DataSheet_1_Determining the Optimal (Neo)Adjuvant Regimen for Human Epidermal Growth Factor Receptor 2-Positive Breast Cancer Regarding Survival Outcome: A Network Meta-Analysis.zip

BackgroundThe optimal (neo)adjuvant regimen for human epidermal growth factor receptor-2 (HER2)-positive breast cancer regarding survival outcomes remains unclear.MethodsWe searched Web of Science, PubMed, and the Cochrane Central Register of Controlled Trials systematically to find out randomized controlled studies, up to January 2022, that compared different anti-HER2 regimens in the (neo)adjuvant setting. The primary endpoint was disease-free survival (DFS). We used a Bayesian statistical model to combine direct and indirect comparisons and used odds ratios (ORs) to pool effect sizes and performed the surface under the cumulative ranking area (SUCRA) curves to estimate the ranking probabilities of various regimens. For survival outcomes, we performed two parallel analyses, one based on data from both neoadjuvant and adjuvant studies and the other specific to adjuvant studies. All statistics were two-sided.ResultsFifteen studies were finally enrolled. Regarding DFS, the overall analysis indicated that the top two regimens for HER2-positive breast cancer were chemotherapy plus trastuzumab with lapatinib, and chemotherapy plus trastuzumab with pertuzumab (SUCAR of 81% and 79%, respectively), with the OR of 0.99 [95% confidence interval (CI), 0.59 to 1.54]; the parallel analysis specific to adjuvant trials indicated that the top two regimens were chemotherapy plus trastuzumab with sequential neratinib, and chemotherapy plus trastuzumab with pertuzumab (SUCRA of 80% and 76%, respectively), with the OR of 1.04 (95% CI, 0.63 to 1.73). The dual-target therapy that combines trastuzumab and pertuzumab showed the highest risk of inducing cardiac events, with an SUCRA of 92%.ConclusionsChemotherapy plus trastuzumab and pertuzumab might be the optimal regimen for HER2-positive breast cancer in improving the survival rate. However, the cardiotoxicity of this dual-target therapy should be taken care of.

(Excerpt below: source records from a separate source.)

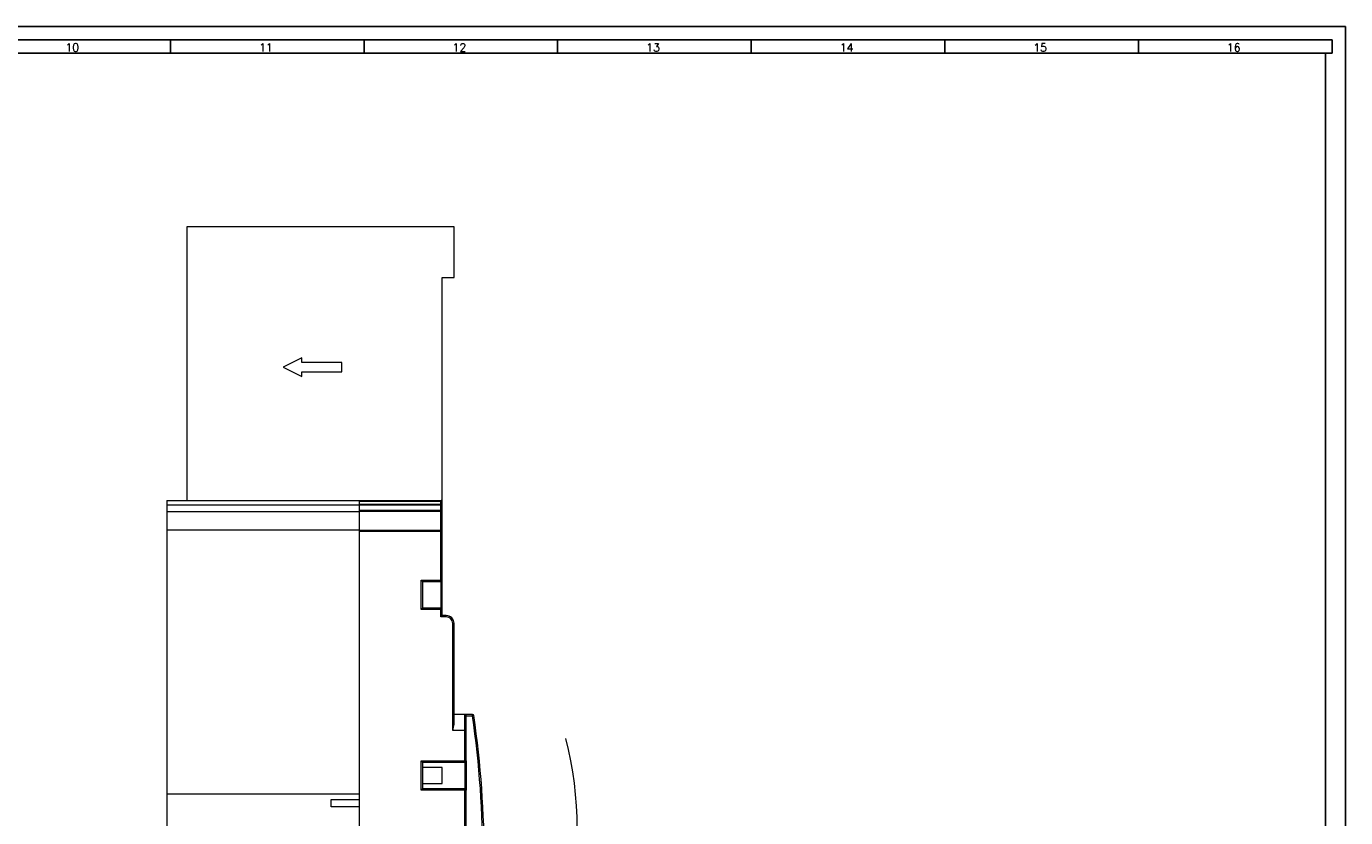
# Model space of a CAD drawing. Header units: millimetres. Extents: x 0 to 1189, y 0 to 841.
# Tile 7 of 7: x 695 to 1189, y 545 to 841. Entities that reach past the tile are written whole.
import ezdxf

# ---------------------------------------------------------------- set-up
doc = ezdxf.new("R2010")
doc.units = ezdxf.units.MM
doc.layers.add('FORMATO', color=7, linetype='Continuous')
doc.styles.add('SLDTEXTSTYLE0', font='ROMANS')

msp = doc.modelspace()

# ---------------------------------------------------------------- linework, layer by layer
at = {"color": 7, "linetype": 'Continuous', "lineweight": 15}
for p, q in [((855.43, 766.01), (755.43, 766.01)), ((755.43, 766.01), (755.43, 663.51)), ((855.43, 747.01), (855.43, 766.01)), ((850.93, 747.01), (855.43, 747.01)), ((850.93, 663.01), (850.93, 747.01)), ((798.43, 717.01), (791.43, 713.51)), ((798.43, 715.26), (798.43, 717.01)), ((791.43, 713.51), (798.43, 710.01)), ((813.43, 715.26), (798.43, 715.26)), ((798.43, 711.76), (813.43, 711.76)), ((798.43, 710.01), (798.43, 711.76)), ((813.43, 711.76), (813.43, 715.26)), ((747.93, 663.51), (819.93, 663.51)), ((747.93, 663.51), (747.93, 662.01)), ((747.93, 662.01), (819.93, 662.01)), ((747.93, 662.01), (747.93, 659.51)), ((819.93, 663.51), (850.43, 663.51)), ((819.93, 663.51), (819.93, 662.01)), ((819.93, 663.36), (850.43, 663.36)), ((819.93, 663.36), (819.93, 662.16)), ((819.93, 662.16), (850.43, 662.16)), ((819.93, 662.01), (819.93, 659.51)), ((850.43, 661.8), (819.93, 661.8)), ((819.93, 661.8), (819.93, 660.01)), ((850.43, 663.36), (850.43, 663.51)), ((850.43, 662.16), (850.43, 663.36)), ((850.43, 661.8), (850.43, 662.16)), ((850.93, 661.8), (850.43, 661.8)), ((850.43, 660.01), (850.43, 661.8)), ((850.93, 661.8), (850.93, 663.01)), ((850.93, 660.01), (850.93, 661.8)), ((747.93, 659.51), (819.93, 659.51)), ((747.93, 659.51), (747.93, 652.51)), ((819.93, 660.01), (850.43, 660.01)), ((850.43, 659.51), (819.93, 659.51)), ((819.93, 659.51), (819.93, 652.51)), ((850.43, 660.01), (850.78, 660.01)), ((850.43, 659.51), (850.43, 660.01)), ((850.43, 652.51), (850.43, 659.51)), ((850.78, 660.01), (850.93, 660.01)), ((850.93, 652.01), (850.93, 660.01)), ((819.93, 652.51), (747.93, 652.51)), ((747.93, 652.51), (747.93, 553.76)), ((819.93, 652.51), (850.43, 652.51)), ((819.93, 652.51), (819.93, 553.76)), ((819.93, 652.01), (819.93, 405.01)), ((850.43, 652.01), (819.93, 652.01)), ((850.43, 652.01), (850.43, 652.51)), ((850.43, 633.76), (850.43, 652.01)), ((850.78, 652.01), (850.43, 652.01)), ((850.93, 652.01), (850.78, 652.01)), ((850.93, 633.76), (850.93, 652.01)), ((843.13, 633.76), (850.43, 633.76)), ((843.13, 622.76), (843.13, 633.76)), ((843.13, 633.76), (843.63, 633.26)), ((843.63, 633.26), (850.43, 633.26)), ((843.63, 633.26), (843.63, 623.26)), ((850.43, 633.41), (850.43, 633.76)), ((850.43, 633.76), (850.93, 633.76)), ((850.43, 633.26), (850.43, 633.41)), ((850.43, 633.26), (850.43, 623.26)), ((850.93, 622.76), (850.93, 633.76)), ((843.13, 622.76), (843.63, 623.26)), ((850.43, 622.76), (843.13, 622.76)), ((850.43, 623.26), (843.63, 623.26)), ((850.43, 623.11), (850.43, 623.26)), ((850.43, 622.76), (850.43, 623.11)), ((850.43, 620.01), (850.43, 622.76)), ((850.93, 622.76), (850.43, 622.76)), ((850.93, 620.51), (850.93, 622.76)), ((850.43, 620.01), (850.93, 620.51)), ((852.43, 620.01), (850.43, 620.01)), ((852.43, 620.51), (850.93, 620.51)), ((852.43, 620.01), (852.43, 620.51)), ((854.93, 577.51), (854.93, 617.51)), ((854.93, 617.51), (855.43, 617.51)), ((855.43, 579.91), (855.43, 617.51)), ((859.43, 583.51), (855.43, 583.51)), ((859.43, 577.51), (859.43, 583.51)), ((862.3, 583.51), (859.43, 583.51)), ((859.93, 577.51), (859.93, 583.01)), ((859.93, 583.01), (862.3, 583.01)), ((862.3, 583.01), (862.3, 583.51)), ((862.3, 583.01), (862.79, 583.08)), ((859.43, 577.51), (854.93, 577.51)), ((859.43, 566.21), (859.43, 577.51)), ((859.93, 577.51), (859.43, 577.51)), ((859.93, 566.21), (859.93, 577.51)), ((843.13, 566.21), (859.43, 566.21)), ((843.13, 555.21), (843.13, 566.21)), ((843.13, 566.21), (843.63, 565.71)), ((843.63, 565.71), (859.43, 565.71)), ((843.63, 565.71), (843.63, 555.71)), ((850.93, 563.71), (843.63, 563.71)), ((850.93, 557.71), (850.93, 563.71)), ((859.43, 566.21), (859.78, 566.21)), ((859.43, 565.71), (859.43, 566.21)), ((859.43, 565.71), (859.43, 555.71)), ((859.78, 566.21), (859.93, 566.21)), ((859.93, 566.21), (859.93, 555.21)), ((747.93, 553.76), (819.93, 553.76)), ((747.93, 553.76), (747.93, 503.26)), ((843.13, 555.21), (843.63, 555.71)), ((859.43, 555.21), (843.13, 555.21)), ((843.63, 557.71), (850.93, 557.71)), ((859.43, 555.71), (843.63, 555.71)), ((859.43, 555.21), (859.43, 555.71)), ((859.93, 555.21), (859.43, 555.21)), ((859.43, 479.51), (859.43, 555.21)), ((859.93, 479.51), (859.93, 555.21)), ((809.43, 551.71), (819.93, 551.71)), ((809.43, 548.91), (809.43, 551.71)), ((819.93, 548.91), (809.43, 548.91))]:
    msp.add_line(p, q, dxfattribs=at)
for centre, radius, start, end in [((850.43, 663.01), 0.5, 360, 90), ((850.44, 662.75), 0.619, 56.3494, 91.0007), ((850.49, 661.72), 0.446, 11.4218, 98.0495), ((850.62, 663), 0.313, 2.7971, 57.9253), ((850.43, 660.01), 0.5, 270, 360), ((850.43, 652.01), 0.5, 0, 90), ((850.43, 633.76), 0.5, 270, 0), ((850.43, 622.76), 0.5, 0, 90), ((852.43, 617.51), 3, 0, 90), ((852.43, 617.51), 2.5, 360, 90), ((859.43, 583.01), 0.5, 0, 90), ((862.3, 583.01), 0.5, 8.2568, 90), ((486.74, 528.51), 379.49, 351.7431, 8.2569), ((486.73, 528.51), 380, 351.678, 8.2568), ((842.86, 581.28), 12.64, 342.6618, 353.7817), ((765.48, 540.88), 136.02, 345.6893, 14.3107), ((859.43, 566.21), 0.5, 270, 360), ((859.43, 555.21), 0.5, 45, 90), ((859.43, 555.21), 0.5, 0, 45)]:
    msp.add_arc(centre, radius, start, end, dxfattribs=at)
at = {"layer": 'FORMATO'}
for p, q in [((1189, 841), (0, 841)), ((1189, 0), (1189, 841)), ((1184, 836), (25, 836)), ((749.3, 836), (749.3, 831)), ((821.73, 836), (821.73, 831)), ((894.16, 836), (894.16, 831)), ((966.59, 836), (966.59, 831)), ((1039.02, 836), (1039.02, 831)), ((1111.45, 836), (1111.45, 831)), ((1184, 836), (1184, 831)), ((25, 831), (1184, 831)), ((1181.52, 5), (1181.52, 831))]:
    msp.add_line(p, q, dxfattribs=at)

# ---------------------------------------------------------------- texts
at = {"layer": 'FORMATO', "char_height": 3, "attachment_point": 2, "style": 'SLDTEXTSTYLE0'}
for s, insert in [('10', (712.55, 834.6)), ('11', (784.98, 834.6)), ('12', (857.41, 834.6)), ('13', (929.84, 834.6)), ('14', (1002.27, 834.6)), ('15', (1074.7, 834.6)), ('16', (1147.13, 834.6))]:
    msp.add_mtext(s, dxfattribs=dict(at, insert=insert))

doc.saveas('drawing.dxf')

背景：针对人表皮生长因子受体-2（HER2）阳性的乳腺癌患者，关于最佳（新）辅助治疗方案以改善生存结果的问题尚无明确答案。方法：本研究系统性地检索了Web of Science、PubMed以及Cochrane中央注册的对照试验数据库，直至2022年1月，以寻找比较不同抗HER2治疗方案在（新）辅助治疗设置中的随机对照研究。主要终点为无病生存期（DFS）。本研究采用贝叶斯统计模型结合直接和间接比较，并使用优势比（OR）来汇总效应量，并通过累积排名面积下界（SUCRA）曲线估计各种治疗方案的排序概率。针对生存结果，我们进行了两项平行分析，一项基于新辅助和辅助治疗研究的数据，另一项则专注于辅助治疗研究。所有统计检验均为双尾检验。结果：最终纳入了15项研究。关于DFS，总体分析表明，对于HER2阳性乳腺癌而言，前两种最佳治疗方案分别为化疗联合曲妥珠单抗与拉帕替尼，以及化疗联合曲妥珠单抗与帕妥珠单抗（SUCRA分别为81%和79%），优势比为0.99[95%置信区间（CI）为0.59至1.54]；针对辅助治疗研究的平行分析显示，前两种最佳治疗方案为化疗联合曲妥珠单抗与依维莫司序贯治疗，以及化疗联合曲妥珠单抗与帕妥珠单抗（SUCRA分别为80%和76%），优势比为1.04（95% CI，0.63至1.73）。曲妥珠单抗与帕妥珠单抗联合的双靶点治疗显示出最高的心脏事件风险，SUCRA为92%。结论：化疗联合曲妥珠单抗与帕妥珠单抗可能成为提高HER2阳性乳腺癌患者生存率的最佳治疗方案。然而，此双靶点治疗的心脏毒性问题亦需予以关注。